### WORK ORDER
Among the entries, which lines carry the string "range"? Copy every one.

Items listed in a dataset:
[Start of section]

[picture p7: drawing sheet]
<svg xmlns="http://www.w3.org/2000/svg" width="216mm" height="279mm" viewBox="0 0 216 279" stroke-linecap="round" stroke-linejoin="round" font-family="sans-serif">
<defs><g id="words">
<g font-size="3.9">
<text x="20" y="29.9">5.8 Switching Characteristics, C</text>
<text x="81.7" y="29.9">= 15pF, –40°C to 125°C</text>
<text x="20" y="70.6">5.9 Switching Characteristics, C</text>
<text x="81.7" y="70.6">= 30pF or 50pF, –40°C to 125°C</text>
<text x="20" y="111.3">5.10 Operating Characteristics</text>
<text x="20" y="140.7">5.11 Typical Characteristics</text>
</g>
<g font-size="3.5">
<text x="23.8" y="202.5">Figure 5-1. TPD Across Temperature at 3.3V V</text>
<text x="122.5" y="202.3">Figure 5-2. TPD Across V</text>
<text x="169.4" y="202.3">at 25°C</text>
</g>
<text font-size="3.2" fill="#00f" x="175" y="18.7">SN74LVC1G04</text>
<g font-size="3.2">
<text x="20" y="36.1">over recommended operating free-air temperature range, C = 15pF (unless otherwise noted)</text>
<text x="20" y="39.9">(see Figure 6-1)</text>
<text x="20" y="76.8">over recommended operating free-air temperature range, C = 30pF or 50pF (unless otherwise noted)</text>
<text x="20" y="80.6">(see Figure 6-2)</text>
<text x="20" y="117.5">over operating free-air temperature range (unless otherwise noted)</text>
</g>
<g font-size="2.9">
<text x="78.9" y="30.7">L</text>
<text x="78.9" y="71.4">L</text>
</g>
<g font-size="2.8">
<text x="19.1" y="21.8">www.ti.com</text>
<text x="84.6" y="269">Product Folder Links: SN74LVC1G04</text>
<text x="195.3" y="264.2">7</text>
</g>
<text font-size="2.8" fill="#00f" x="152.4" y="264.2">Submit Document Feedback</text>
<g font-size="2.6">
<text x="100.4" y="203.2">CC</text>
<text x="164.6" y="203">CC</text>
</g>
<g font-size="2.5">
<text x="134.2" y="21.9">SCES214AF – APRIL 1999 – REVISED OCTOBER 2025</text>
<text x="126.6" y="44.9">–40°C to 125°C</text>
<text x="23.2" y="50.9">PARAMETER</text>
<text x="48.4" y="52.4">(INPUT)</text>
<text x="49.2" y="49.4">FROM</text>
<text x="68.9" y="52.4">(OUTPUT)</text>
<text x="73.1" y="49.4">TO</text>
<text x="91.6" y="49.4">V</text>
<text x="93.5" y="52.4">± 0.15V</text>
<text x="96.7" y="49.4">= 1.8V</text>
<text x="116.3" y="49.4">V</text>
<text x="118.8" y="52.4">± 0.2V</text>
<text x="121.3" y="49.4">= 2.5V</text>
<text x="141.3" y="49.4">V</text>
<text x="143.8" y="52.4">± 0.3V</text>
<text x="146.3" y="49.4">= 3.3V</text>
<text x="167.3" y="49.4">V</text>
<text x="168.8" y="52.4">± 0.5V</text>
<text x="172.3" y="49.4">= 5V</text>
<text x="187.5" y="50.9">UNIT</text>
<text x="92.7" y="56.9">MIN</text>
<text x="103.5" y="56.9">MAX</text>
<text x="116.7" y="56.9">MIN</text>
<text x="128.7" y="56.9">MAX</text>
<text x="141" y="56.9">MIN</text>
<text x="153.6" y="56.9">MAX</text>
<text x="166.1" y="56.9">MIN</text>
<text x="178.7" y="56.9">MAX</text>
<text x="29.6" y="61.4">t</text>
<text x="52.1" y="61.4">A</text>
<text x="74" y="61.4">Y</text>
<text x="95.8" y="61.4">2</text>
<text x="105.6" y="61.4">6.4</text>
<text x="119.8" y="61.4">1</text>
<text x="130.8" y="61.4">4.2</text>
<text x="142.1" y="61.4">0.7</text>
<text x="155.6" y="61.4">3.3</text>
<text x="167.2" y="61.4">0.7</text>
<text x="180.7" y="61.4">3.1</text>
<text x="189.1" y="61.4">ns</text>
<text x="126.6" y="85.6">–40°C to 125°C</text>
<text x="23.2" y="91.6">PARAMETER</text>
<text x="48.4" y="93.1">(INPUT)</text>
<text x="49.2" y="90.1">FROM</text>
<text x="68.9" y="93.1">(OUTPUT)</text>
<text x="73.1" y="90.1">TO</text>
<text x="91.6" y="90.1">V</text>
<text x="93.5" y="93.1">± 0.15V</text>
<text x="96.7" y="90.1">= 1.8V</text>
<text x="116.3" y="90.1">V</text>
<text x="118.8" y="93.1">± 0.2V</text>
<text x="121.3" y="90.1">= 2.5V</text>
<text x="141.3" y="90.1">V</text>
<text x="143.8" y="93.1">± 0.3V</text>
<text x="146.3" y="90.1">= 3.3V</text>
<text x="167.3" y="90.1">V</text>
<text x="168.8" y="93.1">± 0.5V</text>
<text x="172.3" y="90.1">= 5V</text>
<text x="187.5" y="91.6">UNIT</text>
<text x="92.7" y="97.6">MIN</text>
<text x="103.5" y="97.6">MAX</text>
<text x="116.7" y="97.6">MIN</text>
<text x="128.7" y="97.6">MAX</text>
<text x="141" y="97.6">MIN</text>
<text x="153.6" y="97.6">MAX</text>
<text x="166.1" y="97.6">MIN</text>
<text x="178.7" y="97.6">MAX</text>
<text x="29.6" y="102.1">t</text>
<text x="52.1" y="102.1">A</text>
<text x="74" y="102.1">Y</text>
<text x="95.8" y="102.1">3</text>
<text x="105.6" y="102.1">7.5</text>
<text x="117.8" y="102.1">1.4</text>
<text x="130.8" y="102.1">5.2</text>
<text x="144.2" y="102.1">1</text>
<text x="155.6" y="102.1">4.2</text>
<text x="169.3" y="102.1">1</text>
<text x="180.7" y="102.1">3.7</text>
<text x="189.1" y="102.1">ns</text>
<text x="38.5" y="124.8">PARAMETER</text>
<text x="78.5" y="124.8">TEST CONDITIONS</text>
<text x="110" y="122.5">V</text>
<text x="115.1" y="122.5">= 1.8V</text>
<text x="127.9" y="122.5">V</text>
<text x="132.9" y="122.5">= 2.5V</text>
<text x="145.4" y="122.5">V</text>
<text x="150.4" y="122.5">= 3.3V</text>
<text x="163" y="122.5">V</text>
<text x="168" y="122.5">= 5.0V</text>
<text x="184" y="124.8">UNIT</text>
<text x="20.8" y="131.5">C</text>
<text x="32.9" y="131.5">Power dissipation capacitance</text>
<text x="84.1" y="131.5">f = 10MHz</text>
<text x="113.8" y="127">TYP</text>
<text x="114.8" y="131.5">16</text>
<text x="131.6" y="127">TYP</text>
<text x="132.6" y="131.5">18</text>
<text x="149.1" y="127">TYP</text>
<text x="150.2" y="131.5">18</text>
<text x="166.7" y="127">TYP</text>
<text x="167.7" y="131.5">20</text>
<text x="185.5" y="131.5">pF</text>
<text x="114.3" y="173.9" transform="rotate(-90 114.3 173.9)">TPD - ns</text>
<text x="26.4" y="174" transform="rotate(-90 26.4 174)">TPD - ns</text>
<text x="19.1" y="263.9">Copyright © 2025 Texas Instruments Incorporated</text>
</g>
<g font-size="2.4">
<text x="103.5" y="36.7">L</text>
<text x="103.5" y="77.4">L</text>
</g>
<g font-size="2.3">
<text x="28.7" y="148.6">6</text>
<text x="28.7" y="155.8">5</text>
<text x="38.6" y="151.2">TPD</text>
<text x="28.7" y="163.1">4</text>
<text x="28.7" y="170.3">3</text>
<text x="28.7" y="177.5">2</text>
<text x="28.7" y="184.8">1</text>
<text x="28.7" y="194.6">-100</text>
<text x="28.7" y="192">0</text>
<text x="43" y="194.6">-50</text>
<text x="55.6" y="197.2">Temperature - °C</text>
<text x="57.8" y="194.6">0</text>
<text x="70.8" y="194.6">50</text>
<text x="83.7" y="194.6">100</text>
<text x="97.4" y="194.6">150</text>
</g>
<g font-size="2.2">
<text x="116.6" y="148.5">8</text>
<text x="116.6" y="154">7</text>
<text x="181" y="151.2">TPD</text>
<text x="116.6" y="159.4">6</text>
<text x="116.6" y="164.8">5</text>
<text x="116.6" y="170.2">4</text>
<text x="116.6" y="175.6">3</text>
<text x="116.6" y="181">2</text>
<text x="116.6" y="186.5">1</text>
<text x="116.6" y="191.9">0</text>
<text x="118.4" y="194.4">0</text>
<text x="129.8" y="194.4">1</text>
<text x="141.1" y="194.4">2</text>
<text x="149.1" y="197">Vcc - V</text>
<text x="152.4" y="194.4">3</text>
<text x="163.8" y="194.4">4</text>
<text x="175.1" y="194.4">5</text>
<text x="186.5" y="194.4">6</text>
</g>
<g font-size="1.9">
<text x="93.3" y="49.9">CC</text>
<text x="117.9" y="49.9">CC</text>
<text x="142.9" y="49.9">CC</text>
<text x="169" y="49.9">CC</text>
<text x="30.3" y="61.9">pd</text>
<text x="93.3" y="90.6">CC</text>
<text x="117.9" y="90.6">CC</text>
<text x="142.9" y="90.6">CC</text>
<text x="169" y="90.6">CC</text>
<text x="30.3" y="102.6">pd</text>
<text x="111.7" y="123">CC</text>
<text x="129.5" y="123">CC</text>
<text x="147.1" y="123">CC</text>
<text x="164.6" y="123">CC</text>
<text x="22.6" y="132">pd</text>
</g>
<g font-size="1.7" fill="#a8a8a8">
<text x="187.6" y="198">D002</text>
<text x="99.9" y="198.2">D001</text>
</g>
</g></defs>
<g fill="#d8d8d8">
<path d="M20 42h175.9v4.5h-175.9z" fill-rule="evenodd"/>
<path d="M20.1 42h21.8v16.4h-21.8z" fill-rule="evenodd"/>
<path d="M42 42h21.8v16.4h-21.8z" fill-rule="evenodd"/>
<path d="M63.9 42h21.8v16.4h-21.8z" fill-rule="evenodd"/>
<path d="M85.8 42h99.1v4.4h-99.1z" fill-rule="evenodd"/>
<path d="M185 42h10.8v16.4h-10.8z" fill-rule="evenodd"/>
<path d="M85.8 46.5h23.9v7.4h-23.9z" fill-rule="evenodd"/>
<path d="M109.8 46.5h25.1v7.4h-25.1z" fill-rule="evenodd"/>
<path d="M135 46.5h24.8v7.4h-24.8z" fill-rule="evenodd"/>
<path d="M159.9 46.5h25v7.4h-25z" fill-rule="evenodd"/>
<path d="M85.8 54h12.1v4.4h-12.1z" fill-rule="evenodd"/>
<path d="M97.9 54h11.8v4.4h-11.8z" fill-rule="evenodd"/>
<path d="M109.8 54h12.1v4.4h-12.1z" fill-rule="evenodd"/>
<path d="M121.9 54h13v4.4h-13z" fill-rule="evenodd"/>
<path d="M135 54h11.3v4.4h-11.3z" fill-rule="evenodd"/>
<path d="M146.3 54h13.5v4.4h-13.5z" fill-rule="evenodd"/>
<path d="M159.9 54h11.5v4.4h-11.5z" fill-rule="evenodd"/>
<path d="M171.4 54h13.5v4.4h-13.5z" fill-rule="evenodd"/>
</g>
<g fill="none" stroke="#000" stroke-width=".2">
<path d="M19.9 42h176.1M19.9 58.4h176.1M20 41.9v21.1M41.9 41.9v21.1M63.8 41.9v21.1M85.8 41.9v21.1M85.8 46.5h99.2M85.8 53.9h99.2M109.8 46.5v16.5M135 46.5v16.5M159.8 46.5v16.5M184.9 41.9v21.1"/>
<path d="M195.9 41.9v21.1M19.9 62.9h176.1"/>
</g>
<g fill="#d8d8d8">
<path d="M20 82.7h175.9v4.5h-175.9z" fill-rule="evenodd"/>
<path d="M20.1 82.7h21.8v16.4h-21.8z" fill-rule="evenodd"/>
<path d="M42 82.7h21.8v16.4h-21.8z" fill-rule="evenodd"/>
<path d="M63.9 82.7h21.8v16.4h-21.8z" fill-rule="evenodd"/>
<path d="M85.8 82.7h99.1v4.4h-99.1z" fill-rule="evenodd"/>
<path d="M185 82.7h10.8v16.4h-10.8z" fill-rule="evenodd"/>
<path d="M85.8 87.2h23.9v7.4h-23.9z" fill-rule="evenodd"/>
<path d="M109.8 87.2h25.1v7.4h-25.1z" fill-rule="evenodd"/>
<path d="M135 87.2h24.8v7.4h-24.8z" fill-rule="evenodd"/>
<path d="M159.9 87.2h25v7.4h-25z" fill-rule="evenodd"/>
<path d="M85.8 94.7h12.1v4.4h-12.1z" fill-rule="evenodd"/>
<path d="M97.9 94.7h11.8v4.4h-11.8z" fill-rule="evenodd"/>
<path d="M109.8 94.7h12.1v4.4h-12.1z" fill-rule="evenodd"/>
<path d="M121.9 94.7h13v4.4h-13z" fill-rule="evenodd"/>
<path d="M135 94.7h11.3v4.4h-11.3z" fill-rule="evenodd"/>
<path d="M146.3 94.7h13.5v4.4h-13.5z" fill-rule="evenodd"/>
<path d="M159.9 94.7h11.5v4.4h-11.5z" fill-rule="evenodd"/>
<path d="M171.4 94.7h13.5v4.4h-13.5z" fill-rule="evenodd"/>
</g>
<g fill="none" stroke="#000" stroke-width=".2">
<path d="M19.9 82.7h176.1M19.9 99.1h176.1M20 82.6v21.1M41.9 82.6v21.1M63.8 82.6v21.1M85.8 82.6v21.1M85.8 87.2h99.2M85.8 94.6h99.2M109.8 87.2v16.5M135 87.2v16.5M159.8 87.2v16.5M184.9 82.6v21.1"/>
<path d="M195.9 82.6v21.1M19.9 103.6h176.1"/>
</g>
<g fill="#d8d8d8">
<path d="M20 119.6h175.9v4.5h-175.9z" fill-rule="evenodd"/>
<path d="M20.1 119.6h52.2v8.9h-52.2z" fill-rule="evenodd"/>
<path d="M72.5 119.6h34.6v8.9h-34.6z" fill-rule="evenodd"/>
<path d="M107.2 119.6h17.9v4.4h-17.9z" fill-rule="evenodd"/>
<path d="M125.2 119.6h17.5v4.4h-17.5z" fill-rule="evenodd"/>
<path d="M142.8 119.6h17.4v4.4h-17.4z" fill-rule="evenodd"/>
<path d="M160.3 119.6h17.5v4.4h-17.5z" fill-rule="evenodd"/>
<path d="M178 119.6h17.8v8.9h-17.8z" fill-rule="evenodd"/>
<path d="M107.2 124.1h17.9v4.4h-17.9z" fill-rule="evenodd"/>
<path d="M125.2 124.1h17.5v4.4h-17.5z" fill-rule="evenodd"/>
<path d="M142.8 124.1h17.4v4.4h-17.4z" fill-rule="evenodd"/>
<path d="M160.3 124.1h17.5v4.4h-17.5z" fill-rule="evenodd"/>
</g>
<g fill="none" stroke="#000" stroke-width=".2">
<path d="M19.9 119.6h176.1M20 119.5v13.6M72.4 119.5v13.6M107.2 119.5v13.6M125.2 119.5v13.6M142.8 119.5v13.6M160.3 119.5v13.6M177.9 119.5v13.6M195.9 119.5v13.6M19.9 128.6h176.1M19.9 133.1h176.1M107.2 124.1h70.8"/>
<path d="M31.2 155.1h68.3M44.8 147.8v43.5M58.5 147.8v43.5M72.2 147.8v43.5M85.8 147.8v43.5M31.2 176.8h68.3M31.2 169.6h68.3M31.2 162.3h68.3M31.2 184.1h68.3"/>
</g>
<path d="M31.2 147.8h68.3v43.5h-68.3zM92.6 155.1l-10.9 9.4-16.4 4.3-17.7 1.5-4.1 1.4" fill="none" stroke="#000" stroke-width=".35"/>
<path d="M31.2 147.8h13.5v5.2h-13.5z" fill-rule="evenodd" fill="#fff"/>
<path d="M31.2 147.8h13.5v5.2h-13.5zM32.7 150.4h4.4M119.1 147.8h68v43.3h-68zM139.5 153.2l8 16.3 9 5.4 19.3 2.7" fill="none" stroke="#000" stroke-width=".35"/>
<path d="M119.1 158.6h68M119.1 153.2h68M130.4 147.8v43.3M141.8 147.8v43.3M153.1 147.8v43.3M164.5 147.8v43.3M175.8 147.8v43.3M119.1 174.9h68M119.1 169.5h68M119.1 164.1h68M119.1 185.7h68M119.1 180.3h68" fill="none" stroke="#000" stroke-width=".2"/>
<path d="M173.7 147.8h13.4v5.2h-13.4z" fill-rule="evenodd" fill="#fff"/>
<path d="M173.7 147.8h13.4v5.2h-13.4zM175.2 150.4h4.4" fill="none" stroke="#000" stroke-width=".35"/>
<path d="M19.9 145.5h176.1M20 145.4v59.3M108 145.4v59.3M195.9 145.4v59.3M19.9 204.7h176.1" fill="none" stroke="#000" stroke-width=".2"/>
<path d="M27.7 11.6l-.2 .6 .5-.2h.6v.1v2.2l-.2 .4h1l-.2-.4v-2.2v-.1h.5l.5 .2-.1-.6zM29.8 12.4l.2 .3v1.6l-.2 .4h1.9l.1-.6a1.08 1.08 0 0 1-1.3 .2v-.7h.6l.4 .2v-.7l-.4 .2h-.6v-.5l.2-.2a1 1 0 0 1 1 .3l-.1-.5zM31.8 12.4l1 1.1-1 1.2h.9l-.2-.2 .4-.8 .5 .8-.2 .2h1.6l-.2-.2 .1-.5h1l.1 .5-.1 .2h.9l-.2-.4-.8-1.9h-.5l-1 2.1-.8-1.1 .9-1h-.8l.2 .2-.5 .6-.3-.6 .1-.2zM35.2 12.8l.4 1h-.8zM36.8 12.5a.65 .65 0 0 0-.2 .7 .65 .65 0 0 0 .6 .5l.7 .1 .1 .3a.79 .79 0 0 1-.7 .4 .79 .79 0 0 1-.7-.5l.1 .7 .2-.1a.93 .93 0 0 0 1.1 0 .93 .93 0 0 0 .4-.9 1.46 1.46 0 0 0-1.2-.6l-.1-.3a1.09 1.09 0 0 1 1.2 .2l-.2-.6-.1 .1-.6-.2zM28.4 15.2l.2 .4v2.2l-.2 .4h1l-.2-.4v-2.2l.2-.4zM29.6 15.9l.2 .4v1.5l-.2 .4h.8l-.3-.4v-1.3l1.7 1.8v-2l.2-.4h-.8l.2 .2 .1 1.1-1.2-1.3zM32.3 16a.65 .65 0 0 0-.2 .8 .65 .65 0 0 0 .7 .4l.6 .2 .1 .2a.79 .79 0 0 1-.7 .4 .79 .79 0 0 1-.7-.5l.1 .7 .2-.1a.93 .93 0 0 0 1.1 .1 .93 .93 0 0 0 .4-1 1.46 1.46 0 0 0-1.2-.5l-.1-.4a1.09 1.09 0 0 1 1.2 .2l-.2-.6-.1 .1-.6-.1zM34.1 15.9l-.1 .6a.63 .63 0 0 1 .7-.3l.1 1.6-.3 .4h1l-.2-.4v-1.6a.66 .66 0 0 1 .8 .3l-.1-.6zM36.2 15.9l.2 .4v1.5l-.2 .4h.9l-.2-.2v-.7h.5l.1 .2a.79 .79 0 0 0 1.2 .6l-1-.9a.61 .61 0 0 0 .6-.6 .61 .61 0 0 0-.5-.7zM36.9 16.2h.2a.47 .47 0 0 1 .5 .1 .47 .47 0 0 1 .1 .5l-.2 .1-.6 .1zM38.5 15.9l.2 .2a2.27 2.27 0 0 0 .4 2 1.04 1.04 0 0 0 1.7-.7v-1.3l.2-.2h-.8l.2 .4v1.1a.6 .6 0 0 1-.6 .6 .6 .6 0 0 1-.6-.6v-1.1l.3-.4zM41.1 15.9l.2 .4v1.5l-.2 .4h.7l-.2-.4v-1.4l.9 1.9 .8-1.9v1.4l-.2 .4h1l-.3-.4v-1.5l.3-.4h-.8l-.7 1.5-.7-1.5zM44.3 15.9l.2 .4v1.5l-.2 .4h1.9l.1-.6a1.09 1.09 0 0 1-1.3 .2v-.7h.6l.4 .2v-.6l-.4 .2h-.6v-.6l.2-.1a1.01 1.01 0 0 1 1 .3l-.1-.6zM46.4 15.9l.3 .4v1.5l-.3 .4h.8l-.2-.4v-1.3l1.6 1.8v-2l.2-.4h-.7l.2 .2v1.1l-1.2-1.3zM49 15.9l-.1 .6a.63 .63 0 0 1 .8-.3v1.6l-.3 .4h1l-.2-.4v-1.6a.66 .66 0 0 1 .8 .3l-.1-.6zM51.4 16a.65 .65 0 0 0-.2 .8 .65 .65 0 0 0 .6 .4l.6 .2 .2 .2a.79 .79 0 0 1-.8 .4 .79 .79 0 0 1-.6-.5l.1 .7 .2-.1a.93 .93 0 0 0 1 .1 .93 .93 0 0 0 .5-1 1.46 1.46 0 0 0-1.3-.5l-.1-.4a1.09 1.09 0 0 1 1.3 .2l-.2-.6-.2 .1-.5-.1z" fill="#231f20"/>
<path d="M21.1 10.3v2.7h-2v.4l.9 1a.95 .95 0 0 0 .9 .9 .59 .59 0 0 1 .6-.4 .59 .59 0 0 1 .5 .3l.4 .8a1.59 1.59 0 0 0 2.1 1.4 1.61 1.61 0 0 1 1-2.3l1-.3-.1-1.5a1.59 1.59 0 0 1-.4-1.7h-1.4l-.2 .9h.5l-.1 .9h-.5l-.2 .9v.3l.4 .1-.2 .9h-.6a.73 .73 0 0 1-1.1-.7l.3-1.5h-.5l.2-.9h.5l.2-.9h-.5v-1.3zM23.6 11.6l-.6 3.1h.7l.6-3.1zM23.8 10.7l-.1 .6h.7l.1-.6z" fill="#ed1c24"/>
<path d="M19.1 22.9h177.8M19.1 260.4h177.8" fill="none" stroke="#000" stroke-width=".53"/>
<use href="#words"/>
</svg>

[End of section]

### EXERCISE OUTPUT
<text x="20" y="36.1">over recommended operating free-air temperature range, C = 15pF (unless otherwise noted)</text>
<text x="20" y="76.8">over recommended operating free-air temperature range, C = 30pF or 50pF (unless otherwise noted)</text>
<text x="20" y="117.5">over operating free-air temperature range (unless otherwise noted)</text>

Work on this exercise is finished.